• Work request
Return, from the listing below, every line that includes "section".

• Data shown
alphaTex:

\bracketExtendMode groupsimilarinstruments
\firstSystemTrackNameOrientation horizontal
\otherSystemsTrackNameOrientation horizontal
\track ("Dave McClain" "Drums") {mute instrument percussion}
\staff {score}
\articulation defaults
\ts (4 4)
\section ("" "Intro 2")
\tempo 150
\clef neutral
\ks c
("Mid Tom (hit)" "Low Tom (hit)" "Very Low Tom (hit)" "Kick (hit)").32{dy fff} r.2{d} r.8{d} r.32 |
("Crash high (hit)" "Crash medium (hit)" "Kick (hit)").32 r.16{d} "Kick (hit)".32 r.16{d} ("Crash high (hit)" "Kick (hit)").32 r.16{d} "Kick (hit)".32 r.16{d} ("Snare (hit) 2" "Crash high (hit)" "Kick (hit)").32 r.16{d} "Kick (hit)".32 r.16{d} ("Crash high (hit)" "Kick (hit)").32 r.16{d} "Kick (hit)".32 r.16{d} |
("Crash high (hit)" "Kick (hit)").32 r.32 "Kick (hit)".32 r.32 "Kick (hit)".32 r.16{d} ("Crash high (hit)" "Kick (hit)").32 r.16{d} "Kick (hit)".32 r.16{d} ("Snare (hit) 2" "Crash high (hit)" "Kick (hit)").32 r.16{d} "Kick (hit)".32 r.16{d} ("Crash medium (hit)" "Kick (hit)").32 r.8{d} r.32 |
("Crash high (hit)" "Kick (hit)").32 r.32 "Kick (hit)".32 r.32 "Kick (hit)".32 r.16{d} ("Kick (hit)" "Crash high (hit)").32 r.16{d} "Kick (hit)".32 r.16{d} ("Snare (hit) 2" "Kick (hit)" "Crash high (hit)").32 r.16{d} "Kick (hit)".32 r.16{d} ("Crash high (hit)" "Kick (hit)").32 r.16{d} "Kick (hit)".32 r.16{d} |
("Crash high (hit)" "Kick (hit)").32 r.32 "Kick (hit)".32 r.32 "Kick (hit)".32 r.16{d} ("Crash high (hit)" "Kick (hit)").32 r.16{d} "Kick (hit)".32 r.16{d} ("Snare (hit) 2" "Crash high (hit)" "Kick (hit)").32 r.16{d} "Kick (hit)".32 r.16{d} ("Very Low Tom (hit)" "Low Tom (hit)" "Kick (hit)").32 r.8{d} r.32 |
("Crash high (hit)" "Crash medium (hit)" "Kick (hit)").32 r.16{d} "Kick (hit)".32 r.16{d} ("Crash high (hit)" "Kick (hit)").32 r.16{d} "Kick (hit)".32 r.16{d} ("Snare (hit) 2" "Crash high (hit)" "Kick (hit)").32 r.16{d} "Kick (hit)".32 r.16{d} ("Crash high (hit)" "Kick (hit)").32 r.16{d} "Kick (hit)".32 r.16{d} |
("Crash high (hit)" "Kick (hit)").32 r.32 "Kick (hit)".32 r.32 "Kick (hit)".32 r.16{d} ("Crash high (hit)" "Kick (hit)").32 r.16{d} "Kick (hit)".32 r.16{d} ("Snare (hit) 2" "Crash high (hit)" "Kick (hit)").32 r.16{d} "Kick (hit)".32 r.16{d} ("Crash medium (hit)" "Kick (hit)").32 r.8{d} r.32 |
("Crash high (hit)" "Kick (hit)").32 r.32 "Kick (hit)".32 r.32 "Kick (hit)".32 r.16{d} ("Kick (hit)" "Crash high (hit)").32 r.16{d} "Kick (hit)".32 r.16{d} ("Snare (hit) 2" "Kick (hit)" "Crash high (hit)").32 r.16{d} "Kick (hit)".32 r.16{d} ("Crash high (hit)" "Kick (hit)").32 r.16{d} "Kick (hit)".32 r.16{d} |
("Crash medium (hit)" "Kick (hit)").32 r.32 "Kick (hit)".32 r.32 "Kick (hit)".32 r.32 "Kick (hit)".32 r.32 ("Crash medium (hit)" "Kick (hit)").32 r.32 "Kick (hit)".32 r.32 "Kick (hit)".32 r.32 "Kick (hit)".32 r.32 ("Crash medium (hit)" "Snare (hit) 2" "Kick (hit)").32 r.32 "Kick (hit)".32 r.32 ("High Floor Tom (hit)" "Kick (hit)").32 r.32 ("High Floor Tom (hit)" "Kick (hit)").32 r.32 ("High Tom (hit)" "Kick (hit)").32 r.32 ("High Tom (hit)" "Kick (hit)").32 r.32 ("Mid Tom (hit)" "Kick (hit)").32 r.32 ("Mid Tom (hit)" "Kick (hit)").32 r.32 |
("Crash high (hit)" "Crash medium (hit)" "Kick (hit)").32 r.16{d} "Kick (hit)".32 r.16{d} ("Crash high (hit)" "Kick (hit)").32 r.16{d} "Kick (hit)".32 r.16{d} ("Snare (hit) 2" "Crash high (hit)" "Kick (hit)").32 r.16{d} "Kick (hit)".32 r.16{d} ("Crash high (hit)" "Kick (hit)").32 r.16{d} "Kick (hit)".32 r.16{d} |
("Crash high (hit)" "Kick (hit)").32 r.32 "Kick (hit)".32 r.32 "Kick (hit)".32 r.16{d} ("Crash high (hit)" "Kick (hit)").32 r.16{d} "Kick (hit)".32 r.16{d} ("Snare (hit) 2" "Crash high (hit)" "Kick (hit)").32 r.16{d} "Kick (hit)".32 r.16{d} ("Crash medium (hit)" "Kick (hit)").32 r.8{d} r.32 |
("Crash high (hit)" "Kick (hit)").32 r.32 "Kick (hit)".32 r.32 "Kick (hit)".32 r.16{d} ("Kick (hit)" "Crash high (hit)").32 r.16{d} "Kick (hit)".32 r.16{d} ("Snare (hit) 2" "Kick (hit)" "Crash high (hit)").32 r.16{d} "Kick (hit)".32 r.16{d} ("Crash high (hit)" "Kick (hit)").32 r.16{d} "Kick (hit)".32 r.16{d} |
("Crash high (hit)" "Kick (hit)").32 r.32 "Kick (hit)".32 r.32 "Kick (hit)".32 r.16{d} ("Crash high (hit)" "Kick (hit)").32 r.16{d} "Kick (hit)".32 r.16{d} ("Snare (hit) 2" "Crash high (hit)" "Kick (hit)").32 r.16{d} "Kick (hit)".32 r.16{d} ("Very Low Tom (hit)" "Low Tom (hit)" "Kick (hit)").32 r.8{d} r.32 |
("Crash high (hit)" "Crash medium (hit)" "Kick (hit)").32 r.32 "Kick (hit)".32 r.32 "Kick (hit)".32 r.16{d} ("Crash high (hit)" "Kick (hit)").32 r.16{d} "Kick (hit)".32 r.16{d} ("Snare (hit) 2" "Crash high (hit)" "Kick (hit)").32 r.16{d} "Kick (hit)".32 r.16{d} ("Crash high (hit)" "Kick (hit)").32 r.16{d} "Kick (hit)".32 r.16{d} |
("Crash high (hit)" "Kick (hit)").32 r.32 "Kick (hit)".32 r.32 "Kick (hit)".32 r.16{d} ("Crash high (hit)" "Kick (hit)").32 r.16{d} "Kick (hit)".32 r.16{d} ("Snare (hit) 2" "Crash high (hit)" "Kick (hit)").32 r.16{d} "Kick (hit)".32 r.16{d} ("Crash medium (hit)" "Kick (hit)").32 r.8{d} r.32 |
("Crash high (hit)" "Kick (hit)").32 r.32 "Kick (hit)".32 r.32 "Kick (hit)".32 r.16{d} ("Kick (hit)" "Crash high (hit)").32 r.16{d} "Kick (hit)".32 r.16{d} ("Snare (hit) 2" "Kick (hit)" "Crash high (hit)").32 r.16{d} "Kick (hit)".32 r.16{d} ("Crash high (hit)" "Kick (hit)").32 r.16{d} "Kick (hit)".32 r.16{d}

---

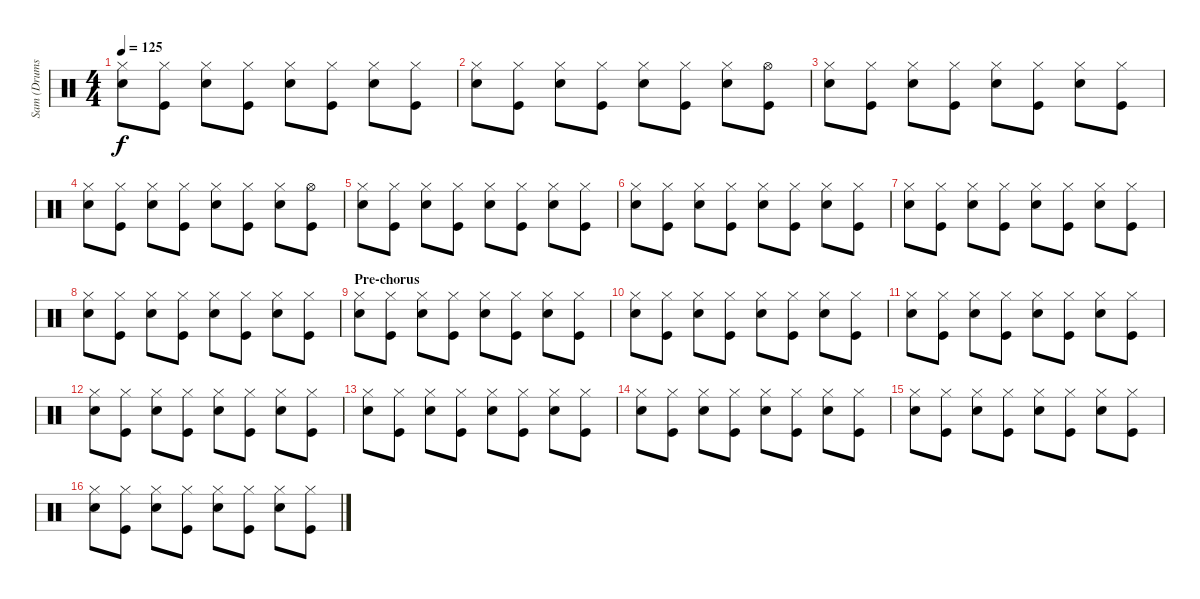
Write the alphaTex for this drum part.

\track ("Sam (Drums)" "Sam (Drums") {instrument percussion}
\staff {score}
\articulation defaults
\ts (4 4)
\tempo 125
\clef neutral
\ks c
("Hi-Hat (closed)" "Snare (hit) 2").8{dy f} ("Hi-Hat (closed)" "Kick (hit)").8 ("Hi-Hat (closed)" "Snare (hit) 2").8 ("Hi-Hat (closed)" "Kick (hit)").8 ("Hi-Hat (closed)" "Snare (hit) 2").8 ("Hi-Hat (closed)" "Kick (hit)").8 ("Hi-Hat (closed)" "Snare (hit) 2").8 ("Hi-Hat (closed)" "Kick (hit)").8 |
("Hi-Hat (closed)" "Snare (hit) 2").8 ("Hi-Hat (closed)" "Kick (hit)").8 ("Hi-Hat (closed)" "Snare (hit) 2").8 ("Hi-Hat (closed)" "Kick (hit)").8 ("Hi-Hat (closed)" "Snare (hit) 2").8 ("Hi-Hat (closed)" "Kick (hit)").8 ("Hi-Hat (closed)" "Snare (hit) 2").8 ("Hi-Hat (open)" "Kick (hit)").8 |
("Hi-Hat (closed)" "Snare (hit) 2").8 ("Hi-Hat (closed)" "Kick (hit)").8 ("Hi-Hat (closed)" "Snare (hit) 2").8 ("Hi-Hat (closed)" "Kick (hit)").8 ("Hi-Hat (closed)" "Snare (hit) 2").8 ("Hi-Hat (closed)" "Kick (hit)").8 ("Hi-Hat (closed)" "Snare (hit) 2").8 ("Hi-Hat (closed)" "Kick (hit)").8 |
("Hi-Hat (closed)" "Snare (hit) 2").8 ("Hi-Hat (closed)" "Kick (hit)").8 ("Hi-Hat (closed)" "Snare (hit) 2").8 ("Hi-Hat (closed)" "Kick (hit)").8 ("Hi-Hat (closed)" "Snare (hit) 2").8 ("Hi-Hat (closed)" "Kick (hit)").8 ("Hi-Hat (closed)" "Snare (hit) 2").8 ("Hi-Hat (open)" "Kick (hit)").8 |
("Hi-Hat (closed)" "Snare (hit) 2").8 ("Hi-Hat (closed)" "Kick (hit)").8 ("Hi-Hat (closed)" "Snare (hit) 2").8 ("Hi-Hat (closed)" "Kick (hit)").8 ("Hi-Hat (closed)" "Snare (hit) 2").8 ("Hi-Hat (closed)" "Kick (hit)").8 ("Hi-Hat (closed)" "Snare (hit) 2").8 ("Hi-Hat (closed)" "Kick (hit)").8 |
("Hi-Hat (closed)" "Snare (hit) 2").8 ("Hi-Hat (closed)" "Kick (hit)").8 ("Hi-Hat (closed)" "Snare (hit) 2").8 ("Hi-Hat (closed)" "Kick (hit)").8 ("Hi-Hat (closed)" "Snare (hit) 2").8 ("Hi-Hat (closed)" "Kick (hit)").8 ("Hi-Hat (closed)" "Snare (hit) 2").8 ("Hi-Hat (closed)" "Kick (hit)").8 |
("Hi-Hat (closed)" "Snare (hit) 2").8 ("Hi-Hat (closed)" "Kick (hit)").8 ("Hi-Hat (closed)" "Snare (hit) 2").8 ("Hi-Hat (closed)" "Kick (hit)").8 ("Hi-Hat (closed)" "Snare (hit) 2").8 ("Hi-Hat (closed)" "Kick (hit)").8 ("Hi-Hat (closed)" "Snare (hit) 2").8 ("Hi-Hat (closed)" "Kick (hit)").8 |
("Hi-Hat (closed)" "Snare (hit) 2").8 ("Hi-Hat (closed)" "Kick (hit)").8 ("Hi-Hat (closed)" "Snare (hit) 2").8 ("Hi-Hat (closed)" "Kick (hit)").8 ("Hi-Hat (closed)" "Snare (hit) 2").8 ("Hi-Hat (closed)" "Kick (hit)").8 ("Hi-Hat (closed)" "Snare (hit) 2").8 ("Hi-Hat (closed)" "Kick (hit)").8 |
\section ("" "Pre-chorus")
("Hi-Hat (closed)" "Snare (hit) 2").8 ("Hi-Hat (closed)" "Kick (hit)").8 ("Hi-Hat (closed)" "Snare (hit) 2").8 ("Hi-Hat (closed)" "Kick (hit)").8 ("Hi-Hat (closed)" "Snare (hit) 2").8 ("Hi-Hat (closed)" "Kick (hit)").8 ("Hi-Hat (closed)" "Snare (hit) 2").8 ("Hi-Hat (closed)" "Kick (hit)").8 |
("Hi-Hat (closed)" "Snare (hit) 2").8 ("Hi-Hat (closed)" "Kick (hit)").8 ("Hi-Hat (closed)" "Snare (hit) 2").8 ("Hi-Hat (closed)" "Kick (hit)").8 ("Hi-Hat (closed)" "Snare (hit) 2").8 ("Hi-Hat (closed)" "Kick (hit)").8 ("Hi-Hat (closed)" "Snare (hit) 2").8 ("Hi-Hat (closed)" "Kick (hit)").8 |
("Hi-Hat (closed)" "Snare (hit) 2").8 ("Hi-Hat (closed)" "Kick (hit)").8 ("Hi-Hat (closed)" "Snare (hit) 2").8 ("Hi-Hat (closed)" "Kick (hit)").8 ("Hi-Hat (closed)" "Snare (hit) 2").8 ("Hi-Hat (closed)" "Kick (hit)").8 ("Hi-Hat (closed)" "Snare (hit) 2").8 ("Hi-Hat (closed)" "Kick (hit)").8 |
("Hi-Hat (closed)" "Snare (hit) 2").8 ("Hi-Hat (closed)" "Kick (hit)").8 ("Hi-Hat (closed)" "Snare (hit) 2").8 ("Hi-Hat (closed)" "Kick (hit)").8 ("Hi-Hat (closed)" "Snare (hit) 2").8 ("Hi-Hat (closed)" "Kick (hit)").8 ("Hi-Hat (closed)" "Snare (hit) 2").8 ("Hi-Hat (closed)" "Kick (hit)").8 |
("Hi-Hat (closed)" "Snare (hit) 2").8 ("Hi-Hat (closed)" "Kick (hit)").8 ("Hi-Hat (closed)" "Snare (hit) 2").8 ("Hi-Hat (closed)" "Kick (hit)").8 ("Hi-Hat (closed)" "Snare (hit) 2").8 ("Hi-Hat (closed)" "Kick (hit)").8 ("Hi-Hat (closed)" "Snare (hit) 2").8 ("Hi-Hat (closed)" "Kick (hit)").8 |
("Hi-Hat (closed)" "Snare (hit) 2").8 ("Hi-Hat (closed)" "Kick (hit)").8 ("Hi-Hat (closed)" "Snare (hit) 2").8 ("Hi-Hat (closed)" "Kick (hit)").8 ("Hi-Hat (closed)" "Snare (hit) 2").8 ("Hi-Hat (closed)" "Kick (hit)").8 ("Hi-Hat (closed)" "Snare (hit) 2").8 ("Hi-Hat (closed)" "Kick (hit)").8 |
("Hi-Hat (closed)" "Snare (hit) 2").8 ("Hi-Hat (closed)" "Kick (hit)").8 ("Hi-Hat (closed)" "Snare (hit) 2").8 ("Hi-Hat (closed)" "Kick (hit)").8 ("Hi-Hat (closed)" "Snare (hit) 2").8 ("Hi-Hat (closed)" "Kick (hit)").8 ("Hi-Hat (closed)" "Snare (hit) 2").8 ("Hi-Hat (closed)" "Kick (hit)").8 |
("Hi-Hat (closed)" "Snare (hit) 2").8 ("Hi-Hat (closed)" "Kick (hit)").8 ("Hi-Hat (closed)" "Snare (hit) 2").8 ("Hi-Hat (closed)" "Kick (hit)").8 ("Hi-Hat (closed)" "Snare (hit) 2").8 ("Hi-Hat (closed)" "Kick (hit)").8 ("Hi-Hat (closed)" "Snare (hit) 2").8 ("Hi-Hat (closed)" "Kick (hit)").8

* * *

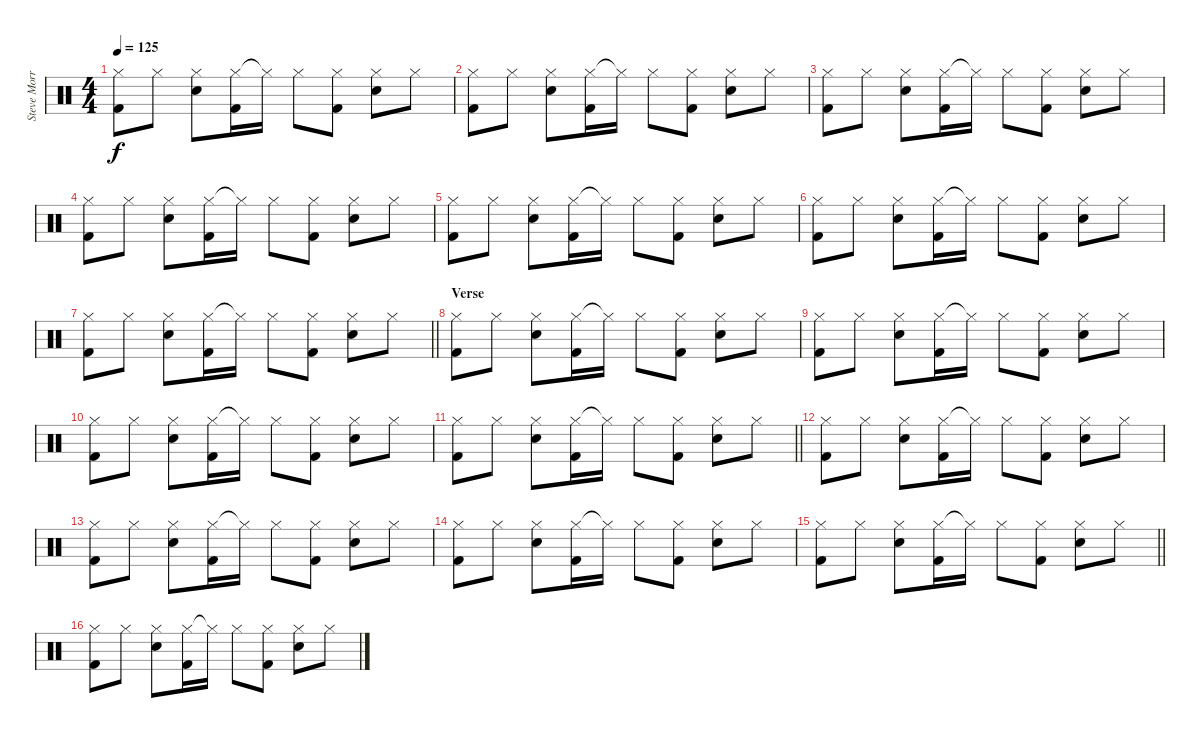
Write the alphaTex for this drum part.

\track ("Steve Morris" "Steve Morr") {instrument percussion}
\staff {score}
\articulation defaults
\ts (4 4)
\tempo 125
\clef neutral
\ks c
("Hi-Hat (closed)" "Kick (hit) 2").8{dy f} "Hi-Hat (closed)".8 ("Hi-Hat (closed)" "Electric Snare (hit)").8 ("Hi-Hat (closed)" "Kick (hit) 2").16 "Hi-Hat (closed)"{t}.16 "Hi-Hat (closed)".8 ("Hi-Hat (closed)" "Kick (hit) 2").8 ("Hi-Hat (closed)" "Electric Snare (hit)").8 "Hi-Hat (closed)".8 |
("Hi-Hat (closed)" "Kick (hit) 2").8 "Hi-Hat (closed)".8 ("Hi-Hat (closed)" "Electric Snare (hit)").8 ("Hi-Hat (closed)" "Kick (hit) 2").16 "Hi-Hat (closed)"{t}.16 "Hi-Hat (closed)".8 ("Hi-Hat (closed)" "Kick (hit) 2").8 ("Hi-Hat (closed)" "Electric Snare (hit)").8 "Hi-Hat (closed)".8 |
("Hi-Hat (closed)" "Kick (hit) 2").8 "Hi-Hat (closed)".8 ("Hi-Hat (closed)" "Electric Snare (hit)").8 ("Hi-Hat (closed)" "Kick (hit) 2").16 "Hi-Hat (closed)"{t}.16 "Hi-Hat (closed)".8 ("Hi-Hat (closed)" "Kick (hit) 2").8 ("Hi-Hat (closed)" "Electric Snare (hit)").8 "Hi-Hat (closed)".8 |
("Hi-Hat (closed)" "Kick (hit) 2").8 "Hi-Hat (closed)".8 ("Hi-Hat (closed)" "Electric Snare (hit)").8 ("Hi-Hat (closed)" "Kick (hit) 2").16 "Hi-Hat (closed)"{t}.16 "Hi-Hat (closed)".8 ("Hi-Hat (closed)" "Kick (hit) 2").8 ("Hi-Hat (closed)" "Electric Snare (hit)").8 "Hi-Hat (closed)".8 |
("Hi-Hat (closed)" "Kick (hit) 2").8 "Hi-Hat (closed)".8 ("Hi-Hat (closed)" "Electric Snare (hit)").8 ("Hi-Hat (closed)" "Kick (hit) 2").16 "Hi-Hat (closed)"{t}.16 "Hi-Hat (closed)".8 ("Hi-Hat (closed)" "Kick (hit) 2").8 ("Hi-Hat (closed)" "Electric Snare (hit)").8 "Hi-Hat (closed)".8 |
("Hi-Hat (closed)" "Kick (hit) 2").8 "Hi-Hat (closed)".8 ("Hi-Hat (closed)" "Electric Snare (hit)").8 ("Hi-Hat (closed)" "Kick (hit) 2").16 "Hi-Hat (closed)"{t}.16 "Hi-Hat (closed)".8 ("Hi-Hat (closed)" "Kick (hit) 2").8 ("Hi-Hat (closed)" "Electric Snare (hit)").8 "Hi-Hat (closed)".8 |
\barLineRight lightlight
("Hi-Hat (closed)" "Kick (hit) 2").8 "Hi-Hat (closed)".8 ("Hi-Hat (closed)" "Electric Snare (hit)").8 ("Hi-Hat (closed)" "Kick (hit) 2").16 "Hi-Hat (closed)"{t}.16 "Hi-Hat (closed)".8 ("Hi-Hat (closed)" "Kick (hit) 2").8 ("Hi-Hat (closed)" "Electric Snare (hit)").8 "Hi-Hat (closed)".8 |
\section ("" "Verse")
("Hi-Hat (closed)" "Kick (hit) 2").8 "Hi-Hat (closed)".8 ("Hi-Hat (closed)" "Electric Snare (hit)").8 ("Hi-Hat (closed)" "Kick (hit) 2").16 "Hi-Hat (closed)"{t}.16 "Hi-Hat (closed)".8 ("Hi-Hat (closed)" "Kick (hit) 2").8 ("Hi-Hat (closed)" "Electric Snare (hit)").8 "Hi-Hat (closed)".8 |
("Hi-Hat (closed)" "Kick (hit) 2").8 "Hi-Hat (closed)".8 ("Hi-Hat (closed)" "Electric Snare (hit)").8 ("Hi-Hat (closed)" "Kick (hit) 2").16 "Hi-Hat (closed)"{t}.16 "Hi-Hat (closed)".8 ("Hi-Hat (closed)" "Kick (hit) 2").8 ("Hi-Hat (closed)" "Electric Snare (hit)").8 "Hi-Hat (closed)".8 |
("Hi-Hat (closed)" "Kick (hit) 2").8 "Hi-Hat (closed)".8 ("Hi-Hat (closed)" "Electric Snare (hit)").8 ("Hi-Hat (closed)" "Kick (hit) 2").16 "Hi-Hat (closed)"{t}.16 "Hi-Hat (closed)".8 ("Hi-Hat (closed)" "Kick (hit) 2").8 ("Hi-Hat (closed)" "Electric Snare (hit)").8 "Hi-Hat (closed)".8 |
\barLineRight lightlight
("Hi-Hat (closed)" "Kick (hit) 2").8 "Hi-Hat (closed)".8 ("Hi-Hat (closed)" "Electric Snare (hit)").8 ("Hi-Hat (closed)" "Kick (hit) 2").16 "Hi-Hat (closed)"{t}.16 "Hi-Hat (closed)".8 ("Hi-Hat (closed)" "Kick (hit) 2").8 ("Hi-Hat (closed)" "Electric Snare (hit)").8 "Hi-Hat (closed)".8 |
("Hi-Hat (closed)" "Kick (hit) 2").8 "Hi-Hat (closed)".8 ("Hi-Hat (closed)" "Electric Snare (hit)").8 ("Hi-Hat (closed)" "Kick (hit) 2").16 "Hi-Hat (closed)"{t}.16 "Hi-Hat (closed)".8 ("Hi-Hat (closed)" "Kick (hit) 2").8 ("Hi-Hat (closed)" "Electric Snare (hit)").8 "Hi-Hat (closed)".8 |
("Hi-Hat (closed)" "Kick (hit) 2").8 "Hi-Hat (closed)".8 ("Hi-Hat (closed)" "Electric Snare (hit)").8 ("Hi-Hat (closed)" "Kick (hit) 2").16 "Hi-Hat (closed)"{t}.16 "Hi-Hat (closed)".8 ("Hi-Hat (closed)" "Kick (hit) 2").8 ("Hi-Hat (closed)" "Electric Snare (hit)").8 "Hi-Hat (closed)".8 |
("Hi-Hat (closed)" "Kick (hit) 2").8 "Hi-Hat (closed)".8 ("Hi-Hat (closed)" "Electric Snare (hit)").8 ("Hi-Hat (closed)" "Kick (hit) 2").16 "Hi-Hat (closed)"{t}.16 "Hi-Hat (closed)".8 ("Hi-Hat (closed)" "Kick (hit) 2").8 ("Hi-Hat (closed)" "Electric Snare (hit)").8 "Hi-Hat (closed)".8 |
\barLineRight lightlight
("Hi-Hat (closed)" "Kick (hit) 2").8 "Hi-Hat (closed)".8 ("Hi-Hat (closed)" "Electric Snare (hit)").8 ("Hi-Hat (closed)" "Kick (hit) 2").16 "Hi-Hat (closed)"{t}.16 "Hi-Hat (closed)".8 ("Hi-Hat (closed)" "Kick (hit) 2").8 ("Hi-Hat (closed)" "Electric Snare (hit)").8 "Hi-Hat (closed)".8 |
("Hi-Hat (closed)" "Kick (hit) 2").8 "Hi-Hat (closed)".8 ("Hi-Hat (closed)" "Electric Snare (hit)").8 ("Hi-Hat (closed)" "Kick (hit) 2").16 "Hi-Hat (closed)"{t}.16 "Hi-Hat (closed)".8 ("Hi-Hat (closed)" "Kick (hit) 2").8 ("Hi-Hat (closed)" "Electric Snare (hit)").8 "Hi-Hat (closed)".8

• Solution
\section ("" "Intro 2")
\section ("" "Pre-chorus")
\section ("" "Verse")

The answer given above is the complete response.